Congressional Elections
| Year | Context | Result | Notes |
|---|---|---|---|
| 2010 | AZ-5, open seat | Won | Tea Party wave; comfortable win in R district |
| 2020 | AZ-6 (old), amid Ethics Committee proceedings | Won | Survived despite House reprimand in Oct 2020 |
| 2022 | New AZ-1 (Scottsdale/Tempe/Chandler) | Won (~0.7%) | Near-loss; district shifted D under redistricting |
| 2024 | AZ-1 re-election | Won (~52%) | Improved margin; Arizona’s statewide R trend helped |
Schweikert’s 2022 near-loss — winning by approximately 5,000 votes in a Republican wave year, while facing an ethics cloud — was one of the most striking underperformances by any incumbent that cycle. His 2024 improved margin suggests the ethics issue has receded somewhat in voter calculations.
Ethics, Survival & Political Context
David Schweikert’s political survival despite a formal House reprimand and a $50,000 ethics fine is a notable case study in incumbent resilience. The violations — campaign finance abuses, misuse of official resources, false statements — were serious enough that the full House formally rebuked him on the floor, yet he won re-election in 2020 and again in 2022. Several factors contributed to this survival: the strong Republican lean of his pre-redistricting district, the tendency of voters in highly partisan districts to support their party’s incumbent regardless of personal conduct, and his own insistence on contesting many of the Ethics Committee’s findings.
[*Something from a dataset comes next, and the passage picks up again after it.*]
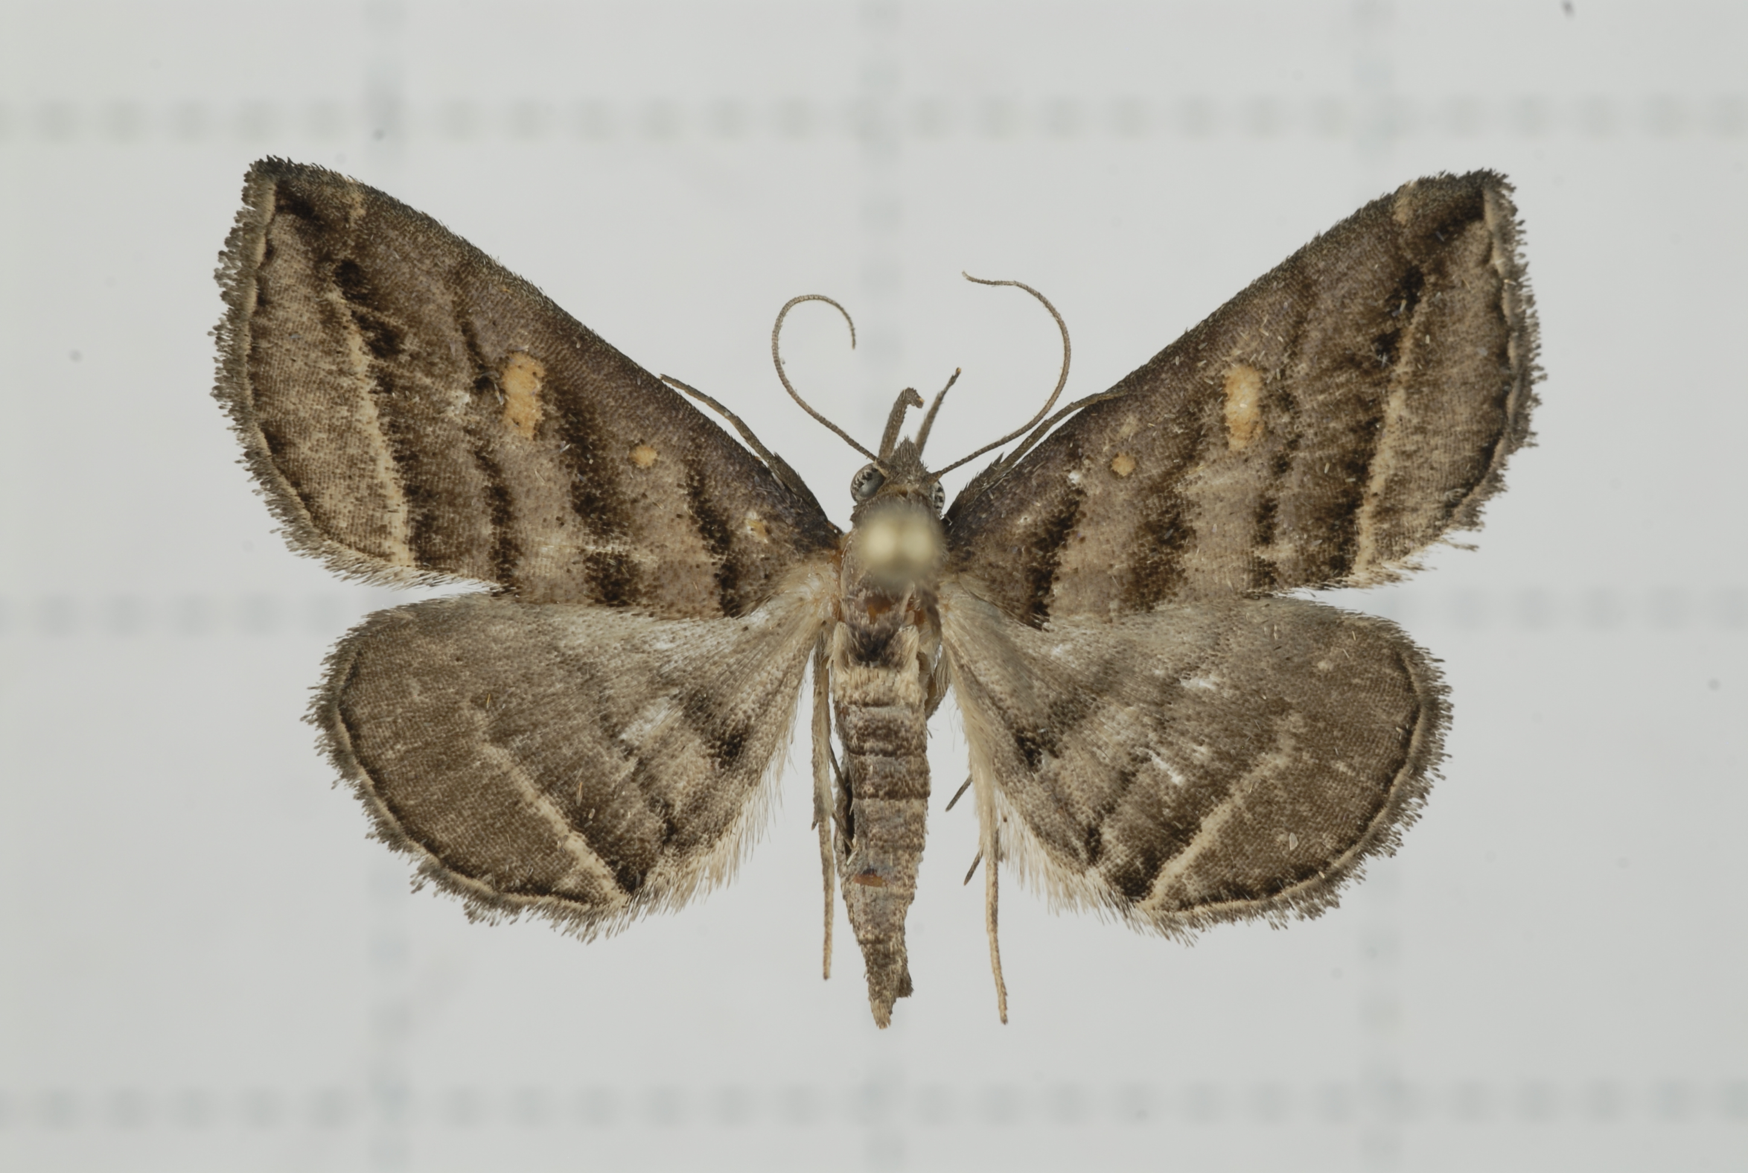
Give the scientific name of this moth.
Paracolax pryeri
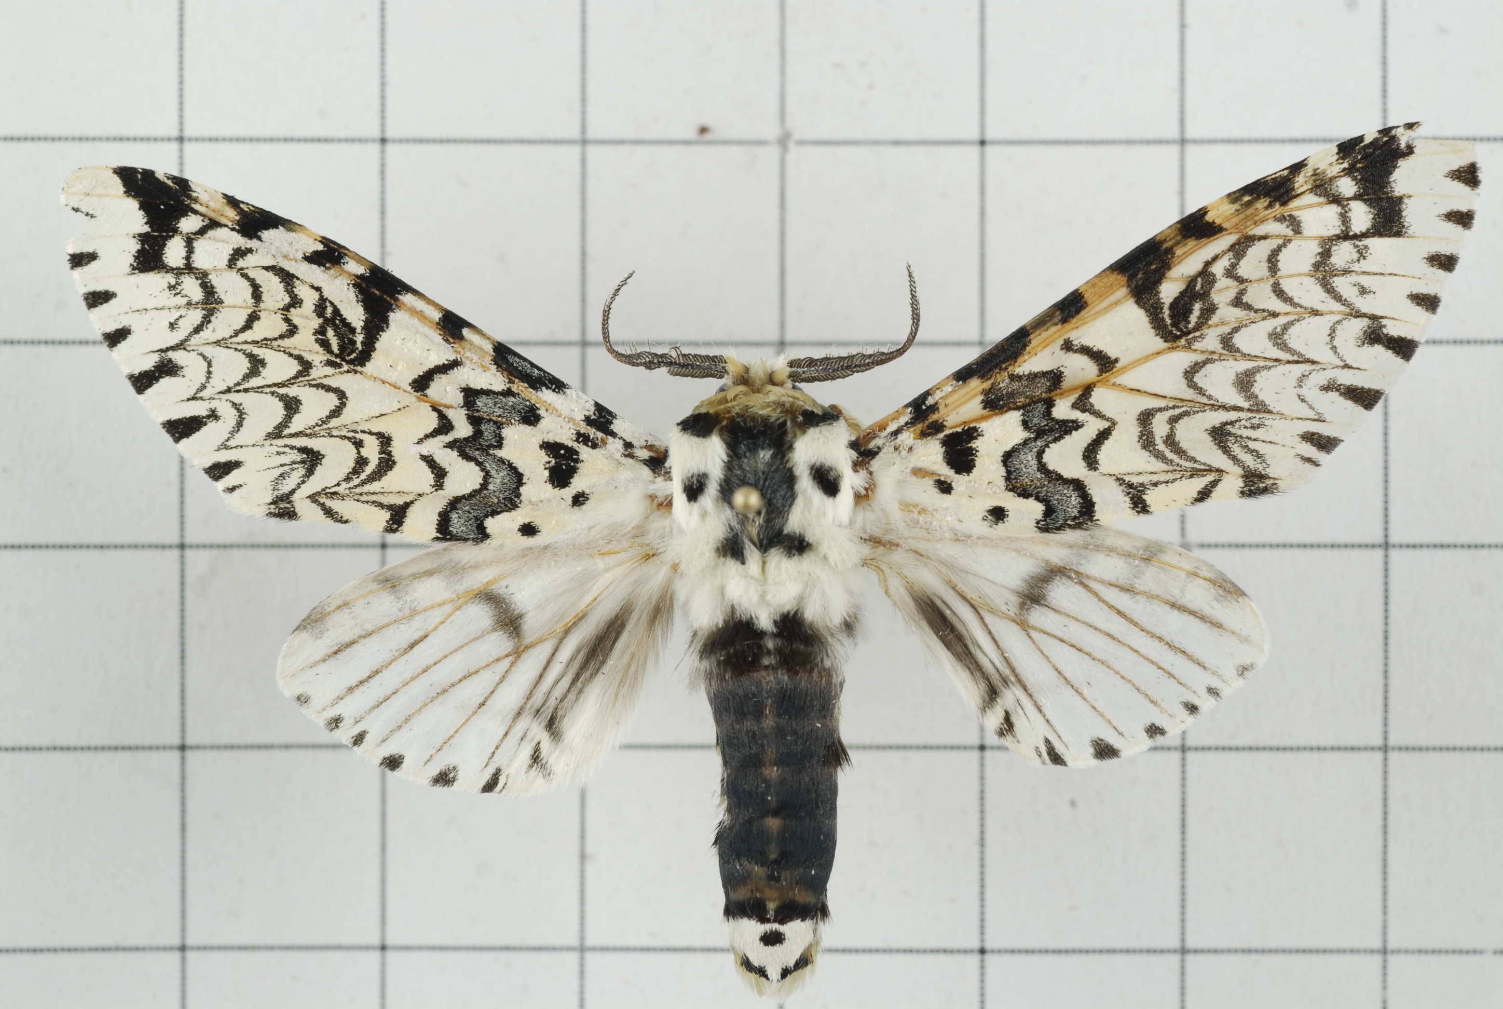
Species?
Kamalia tattakana

His 2022 near-loss reflects the new competitive reality of his post-redistricting AZ-1, which covers a mix of Scottsdale, Tempe, and Chandler — areas that have become more demographically diverse, more college-educated, and more Democratic-leaning over the past decade. The Scottsdale-Tempe corridor is home to significant technology, education (Arizona State University), and financial services sectors, and its electorate increasingly resembles competitive suburban districts in other Sun Belt metros rather than the safely Republican Scottsdale of a decade ago.